RECHTE DER ZIVILGESELLSCHAFT
Damit sich Menschen zum Beispiel für den Schutz und die Förderung von Menschenrechten einsetzen können, müssen sie ihr Recht auf Vereinigungsfreiheit und Meinungsfreiheit ausüben können. Dafür sollen internationale menschenrechtliche Standards sorgen. Diese sind die „Allgemeine Erklärung der Menschenrechte“ sowie in diesem Zusammenhang auch der „Internationale Pakt über bürgerliche und politische Rechte“ und die „Europäische Menschenrechtskonvention“. Auch die Erklärung über das Recht und die Verpflichtung von Einzelpersonen, Gruppen und Organen der Gesellschaft, die allgemein anerkannten Menschenrechte und Grundfreiheiten zu fördern und zu schützen (Declaration on Human Rights Defenders, UNGA Res 53/144, 9. Dezember 1998) beinhaltet eine Reihe an Rechten, die für die globale Zivilgesellschaft Anwendung finden.
„Der Erklärung zufolge haben zivilgesellschaftliche Organisationen (CSO) das Recht auf Vereinigungs- und Meinungsfreiheit (einschließlich das Recht Ideen und Informationen anzufragen, zu erhalten und zu verbreiten), sich für Menschenrechte einzusetzen, an öffentlichen Prozessen teilzunehmen, das Recht auf den Zugang und Austausch mit internationalen Menschenrechtsinstitutionen und das Einreichen von Vorschlägen für Gesetzes- und Politikreformen auf lokaler, nationaler und internationaler Ebene.

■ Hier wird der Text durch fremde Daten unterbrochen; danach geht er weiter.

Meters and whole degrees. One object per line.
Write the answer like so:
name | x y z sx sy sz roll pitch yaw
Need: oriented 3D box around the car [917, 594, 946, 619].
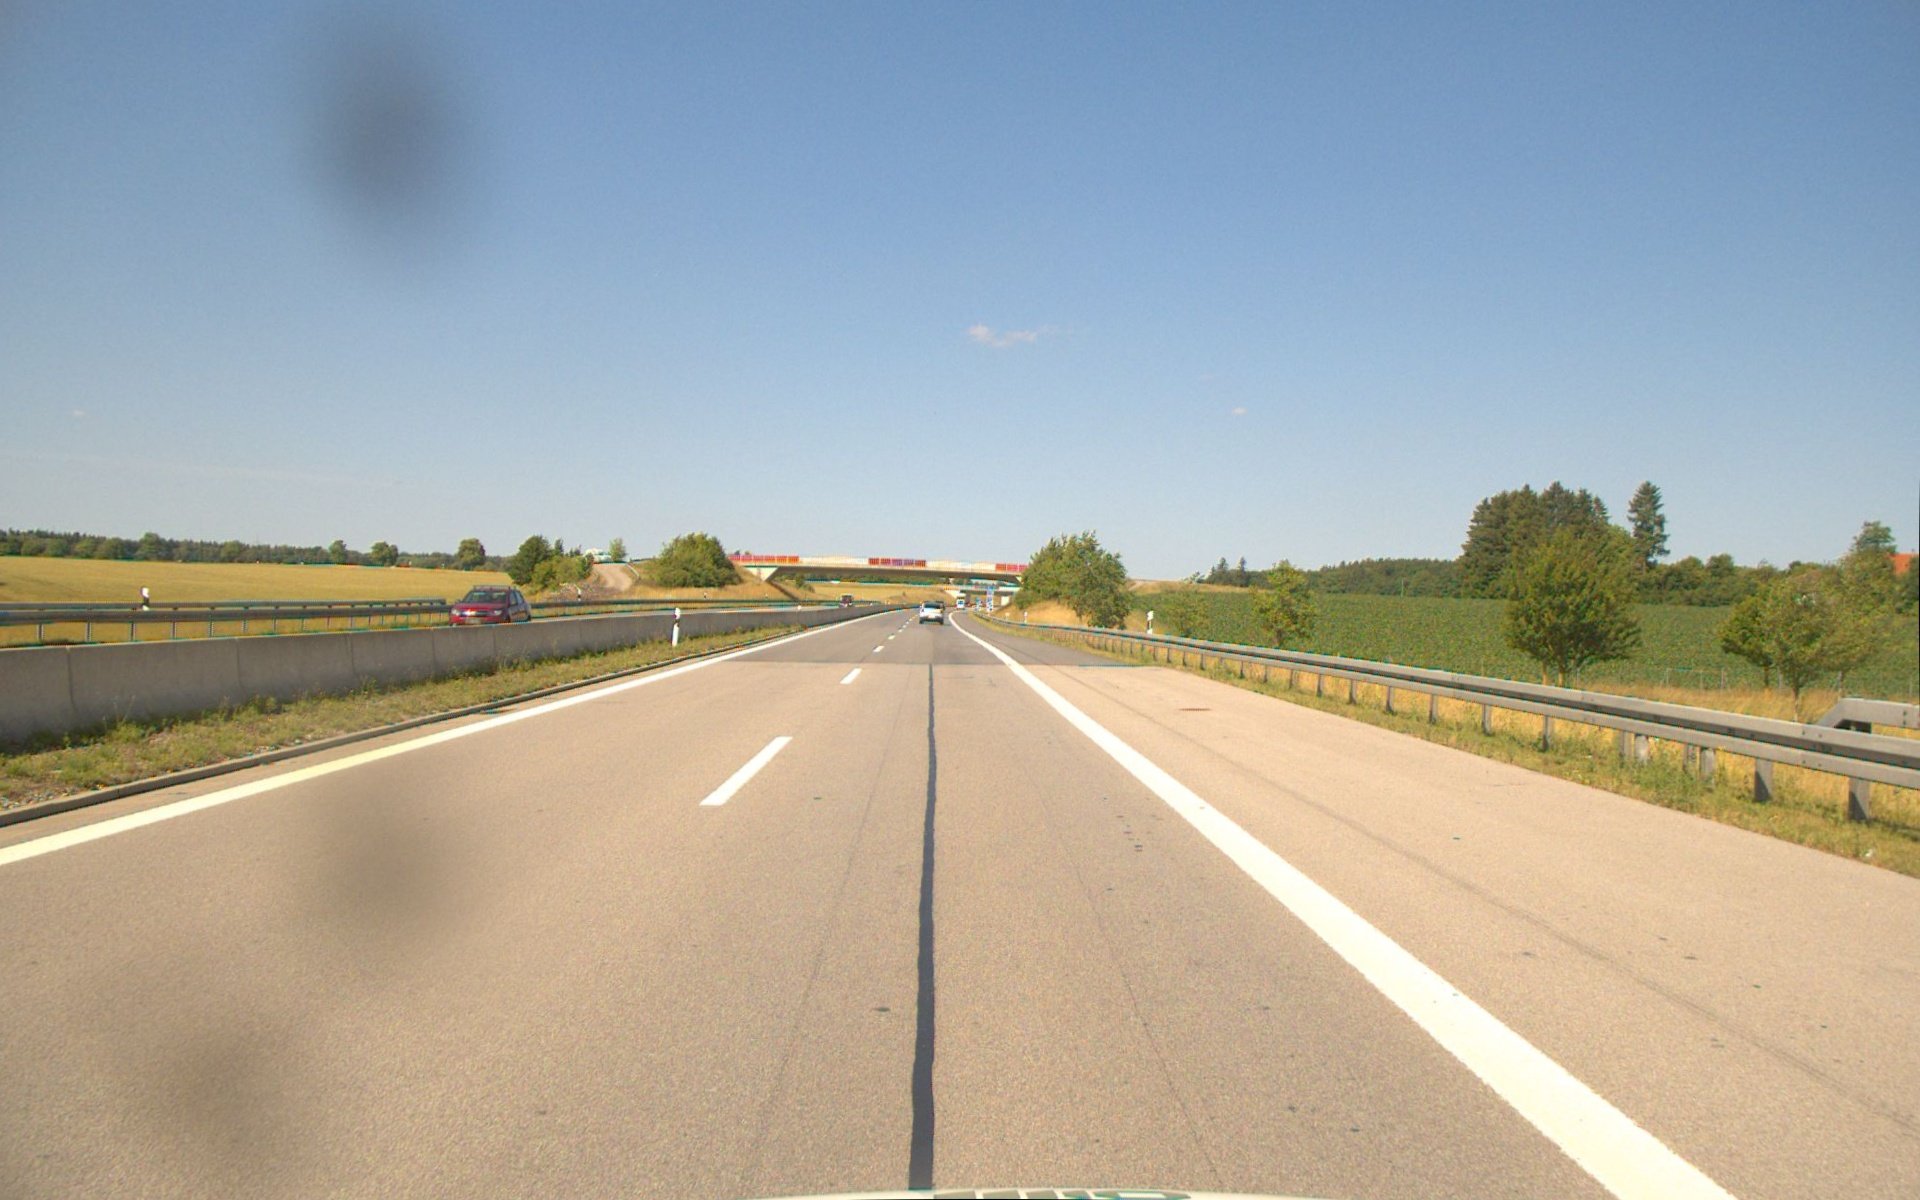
car | -2.171 0.497 124.286 1.954 1.761 4.866 2 0 -3

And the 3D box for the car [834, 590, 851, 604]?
car | -15.666 -0.361 220.782 1.869 1.714 5.006 4 0 -1

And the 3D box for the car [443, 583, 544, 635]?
car | -14.626 0.282 52.101 1.859 1.550 4.805 -1 0 -1
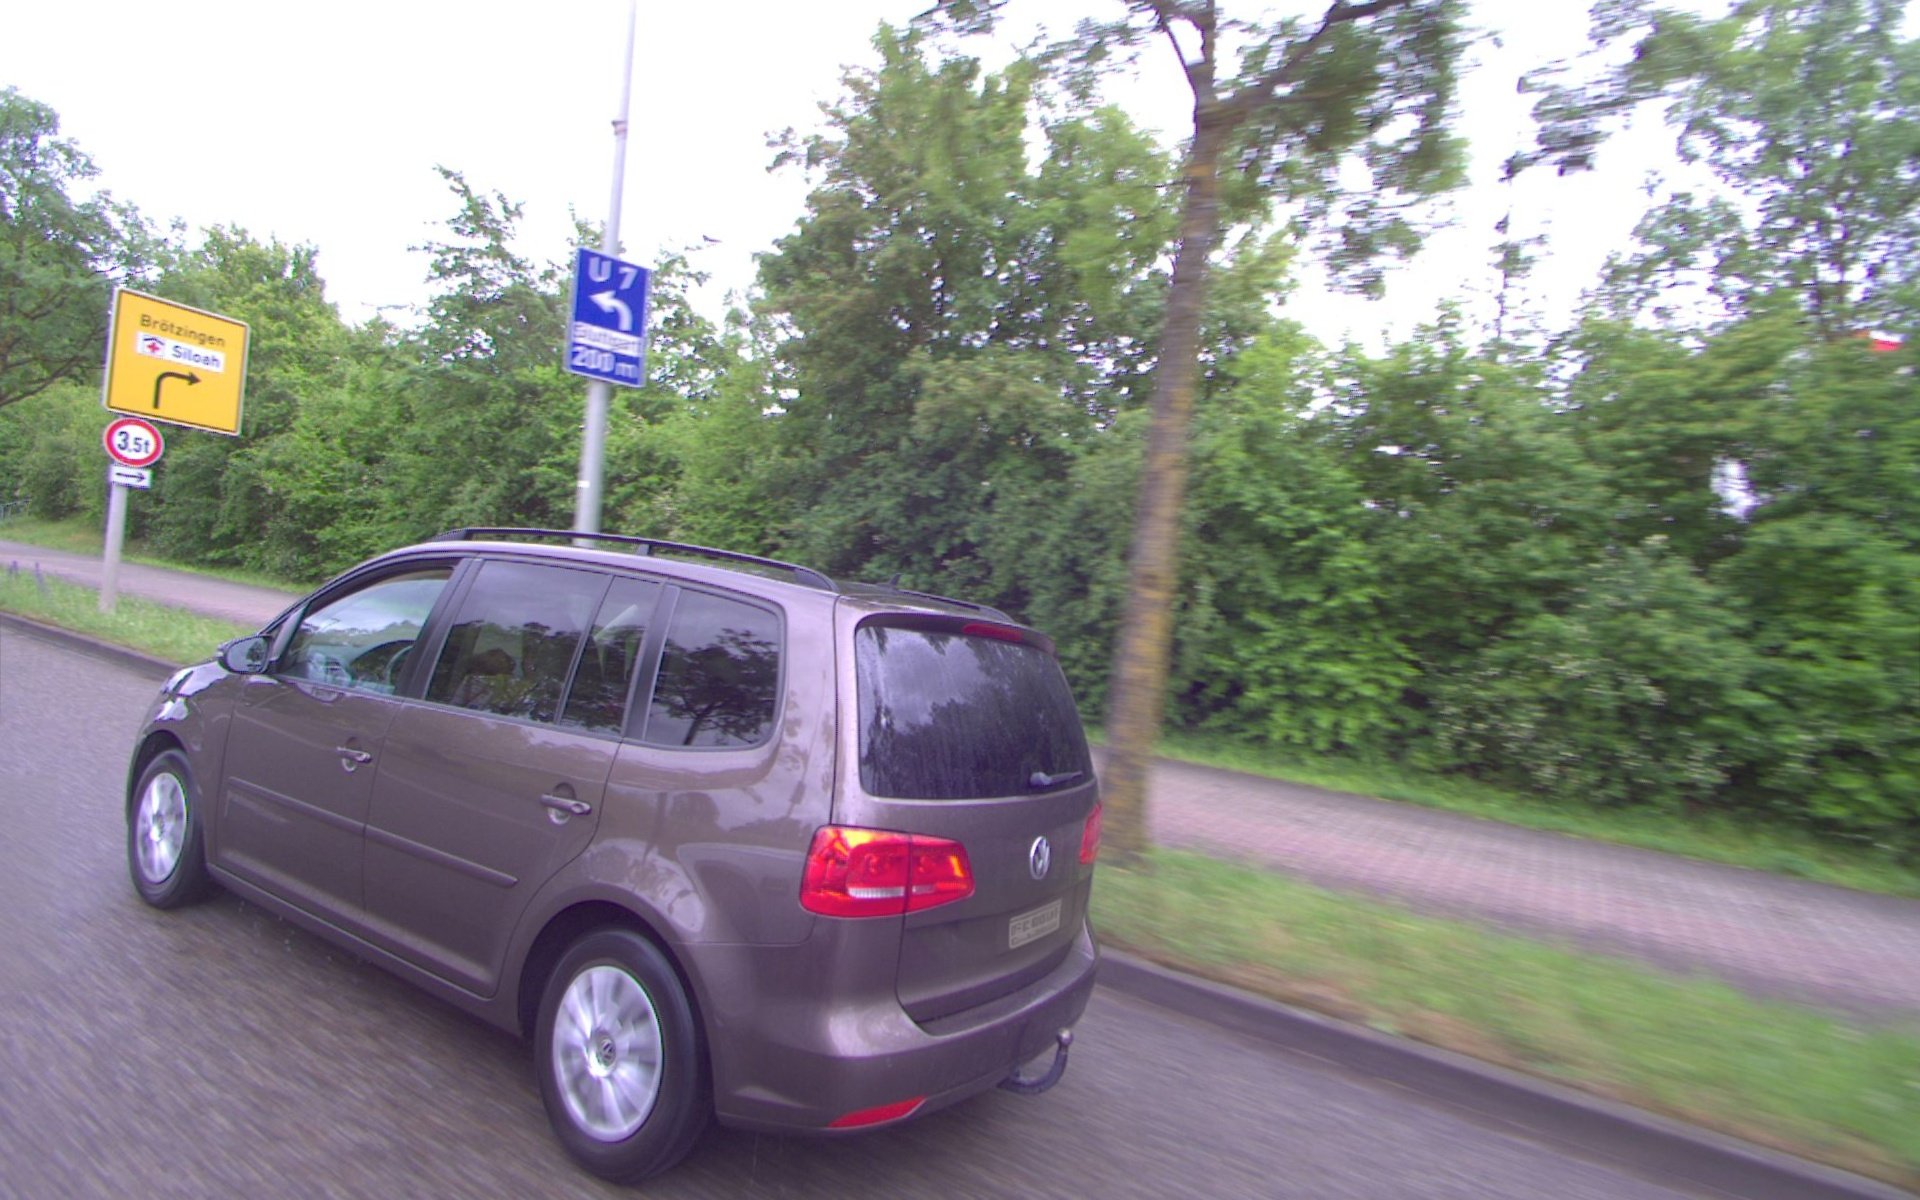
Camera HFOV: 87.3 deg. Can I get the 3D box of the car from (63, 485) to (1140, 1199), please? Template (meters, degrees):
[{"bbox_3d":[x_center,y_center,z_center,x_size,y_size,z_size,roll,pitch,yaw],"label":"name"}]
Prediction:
[{"bbox_3d":[-1.598,0.574,3.972,4.062,1.615,1.717,6,-2,32],"label":"car"}]

In diesem Zusammenhang sind Staaten dazu verpflichtet, ein förderliches Umfeld („enabling environment“) zu schaffen und zu garantieren, dass Menschen sich in Gruppen und Organisationen zusammenfinden können, ohne von Staaten oder Dritten daran gehindert zu werden“, erklärt Martina Powell, Sprecherin von Amnesty International.